Tuesday, September 21, 2010

Some thoughts on Rick Ayers' "An Inconvenient Superman"

"[S]ome charters are known to discourage less academically inclined students from enrolling." — Los Angeles Times

California Charter Schools Association Charlatans are a vehicle for vouchers
Rick Ayers' excellent essay entitled An Inconvenient Superman: Davis Guggenheim's New Film Hijacks School Reform
points out Guggenheim's embrace of the banking concept of pedagogy. This is first pointed out on Fred Klonsky's blog:

Waiting for Superman accepts a theory of learning that is embarrassing in its stupidity. In one of its many little cartoon segments, it purports to show how kids learn. The top of a child's head is cut open and a jumble of factoids is poured in. Ouch! Oh, and then the evil teacher union and regulations stop this productive pouring project. The film-makers betray no understanding of how people actually learn, the active and agentive participation of students in the learning process. They ignore the social construction of knowledge, the difference between deep learning and rote memorization. The film unquestioningly bows down to standardized tests as the measure of student knowledge, school success.

Here were my comments on Davis Guggenheim and this hideous portrayal of how human beings learn:

"Problem posing education does not and cannot serve the interests of the oppressor" — Paulo Freire Pedagogy of the Oppressed

But the banking system of education does, and that's why the film depicts "The top of a child's head is cut open and a jumble of factoids is poured in."

Broad, Gates, Tilson, Hastings, Fischer, and all the other nefarious funders of school privatization believe wholeheartedly in the banking system of pedagogy -- for working people of course.

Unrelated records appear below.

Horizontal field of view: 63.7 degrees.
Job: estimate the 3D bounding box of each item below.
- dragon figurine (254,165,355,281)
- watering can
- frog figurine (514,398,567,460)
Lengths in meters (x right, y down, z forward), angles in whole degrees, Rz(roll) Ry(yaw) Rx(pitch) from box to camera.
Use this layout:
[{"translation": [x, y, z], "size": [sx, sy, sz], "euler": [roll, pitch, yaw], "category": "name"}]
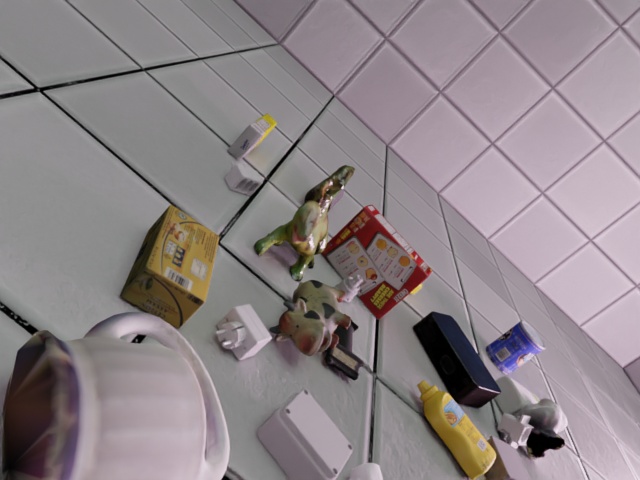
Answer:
[{"translation": [0.003, -0.054, 1.075], "size": [0.122, 0.239, 0.416], "euler": [41, 23, 0], "category": "dragon figurine"}, {"translation": [-0.169, 0.203, 0.479], "size": [0.223, 0.103, 0.355], "euler": [20, 31, -45], "category": "watering can"}, {"translation": [0.547, 0.441, 1.272], "size": [0.123, 0.134, 0.162], "euler": [22, 35, 20], "category": "frog figurine"}]
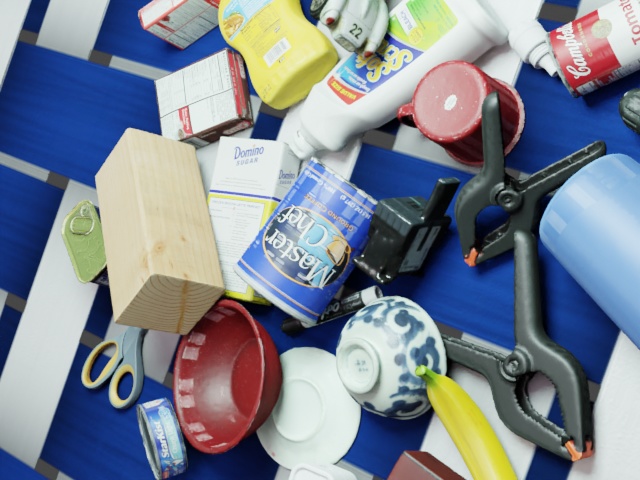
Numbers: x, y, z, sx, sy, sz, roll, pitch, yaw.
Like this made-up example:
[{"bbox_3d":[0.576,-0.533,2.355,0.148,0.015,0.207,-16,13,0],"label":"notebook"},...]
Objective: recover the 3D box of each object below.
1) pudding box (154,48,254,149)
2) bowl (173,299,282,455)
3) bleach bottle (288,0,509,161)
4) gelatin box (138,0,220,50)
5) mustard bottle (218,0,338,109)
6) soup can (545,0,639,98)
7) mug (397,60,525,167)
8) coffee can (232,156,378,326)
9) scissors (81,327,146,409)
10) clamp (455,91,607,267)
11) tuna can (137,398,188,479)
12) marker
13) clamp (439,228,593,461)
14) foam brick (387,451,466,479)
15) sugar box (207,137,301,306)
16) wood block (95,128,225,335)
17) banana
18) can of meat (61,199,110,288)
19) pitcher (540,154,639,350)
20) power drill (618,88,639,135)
[{"bbox_3d":[-0.135,-0.160,1.241,0.114,0.039,0.090,-17,72,26],"label":"pudding box"},{"bbox_3d":[-0.089,0.145,1.127,0.162,0.055,0.162,-15,71,47],"label":"bowl"},{"bbox_3d":[0.068,-0.166,1.101,0.251,0.068,0.103,-40,55,21],"label":"bleach bottle"},{"bbox_3d":[-0.156,-0.268,1.253,0.089,0.073,0.030,-28,66,25],"label":"gelatin box"},{"bbox_3d":[-0.062,-0.245,1.199,0.096,0.058,0.192,-41,63,18],"label":"mustard bottle"},{"bbox_3d":[0.268,-0.182,0.978,0.102,0.068,0.068,-24,69,25],"label":"soup can"},{"bbox_3d":[0.131,-0.125,1.043,0.117,0.081,0.093,2,82,32],"label":"mug"},{"bbox_3d":[-0.007,0.001,1.081,0.103,0.102,0.140,37,93,31],"label":"coffee can"},{"bbox_3d":[-0.204,0.116,1.242,0.202,0.016,0.096,-44,62,17],"label":"scissors"},{"bbox_3d":[0.170,-0.054,0.996,0.120,0.039,0.172,36,116,0],"label":"clamp"},{"bbox_3d":[-0.172,0.217,1.163,0.033,0.086,0.086,-15,66,-18],"label":"tuna can"},{"bbox_3d":[0.010,0.075,1.115,0.121,0.020,0.020,-22,70,27],"label":"marker"},{"bbox_3d":[0.189,0.104,0.983,0.165,0.036,0.210,-52,60,25],"label":"clamp"},{"bbox_3d":[0.106,0.241,1.004,0.078,0.052,0.051,32,98,33],"label":"foam brick"},{"bbox_3d":[-0.082,-0.022,1.176,0.093,0.048,0.176,9,83,35],"label":"sugar box"},{"bbox_3d":[-0.178,-0.011,1.168,0.091,0.090,0.206,-47,44,35],"label":"wood block"},{"bbox_3d":[0.145,0.202,0.979,0.037,0.069,0.198,-39,72,31],"label":"banana"},{"bbox_3d":[-0.242,0.011,1.237,0.057,0.083,0.102,-43,53,20],"label":"can of meat"},{"bbox_3d":[0.308,0.034,0.887,0.243,0.148,0.145,50,122,32],"label":"pitcher"},{"bbox_3d":[0.373,-0.133,0.912,0.185,0.057,0.188,40,104,30],"label":"power drill"}]
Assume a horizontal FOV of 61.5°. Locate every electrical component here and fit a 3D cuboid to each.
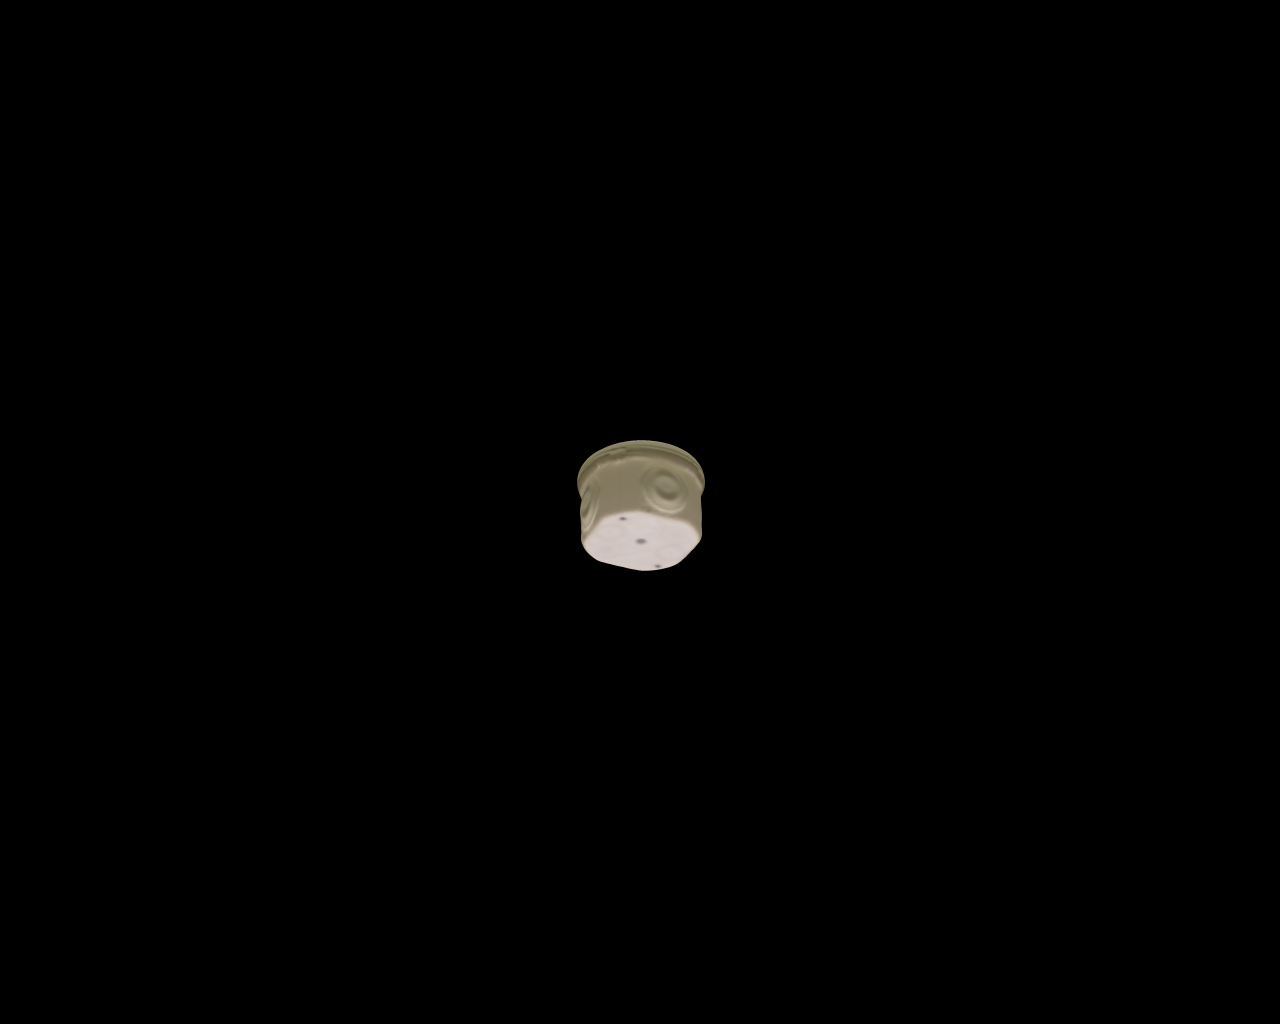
[{"bbox_3d":[0.001,-0.003,0.650,0.080,0.051,0.080,0,-33,0],"label":"electrical component"}]
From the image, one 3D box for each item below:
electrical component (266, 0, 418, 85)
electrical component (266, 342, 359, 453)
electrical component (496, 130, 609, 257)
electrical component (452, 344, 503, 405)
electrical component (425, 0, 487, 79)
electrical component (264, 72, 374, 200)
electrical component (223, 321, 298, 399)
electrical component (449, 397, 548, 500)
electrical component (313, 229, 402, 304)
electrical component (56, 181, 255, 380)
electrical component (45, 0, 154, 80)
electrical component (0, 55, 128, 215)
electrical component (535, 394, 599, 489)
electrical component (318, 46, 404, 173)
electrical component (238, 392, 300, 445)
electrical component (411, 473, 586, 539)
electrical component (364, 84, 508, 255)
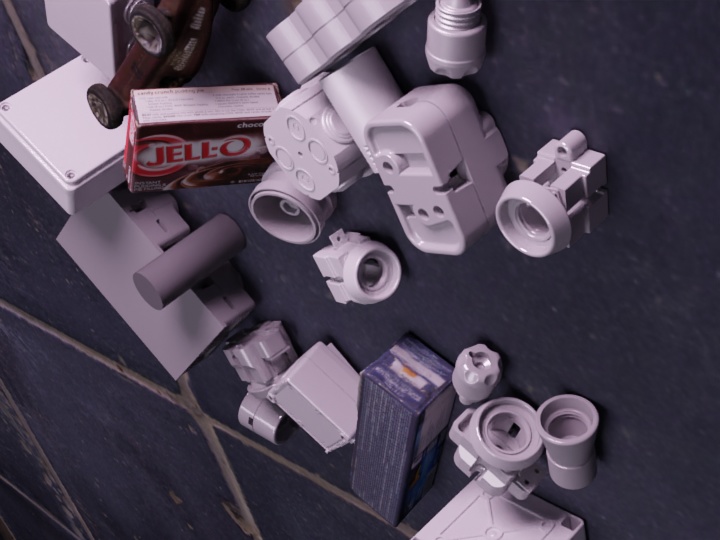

One of the telling symptoms of these late stages of neoliberalism is that these rulers now treat their own working class as colonial subjects.

The smug Davis Guggenheim looks down at all of us with the condescending banking notion. Smart rich white male saviors like himself will liberate us from evil teachers who might challenge us to develop critical thinking skills.

Later, when a winger tries to attribute Davis' disgusting film to white guilt, I have this to say:

My original comment had little to do with so-called white guilt, and everything to do with paternalism. Namely, what Freire calls the "the false generosity of paternalism," which the oppressor often extends to the colonized as a means of maintaining their roles.

The charter-voucher industry and their propagandists might put on an occasional liberal veneer, but underneath they're free market worshiping snake oil salesman who are making a killing gorging at the trough of pubic funds.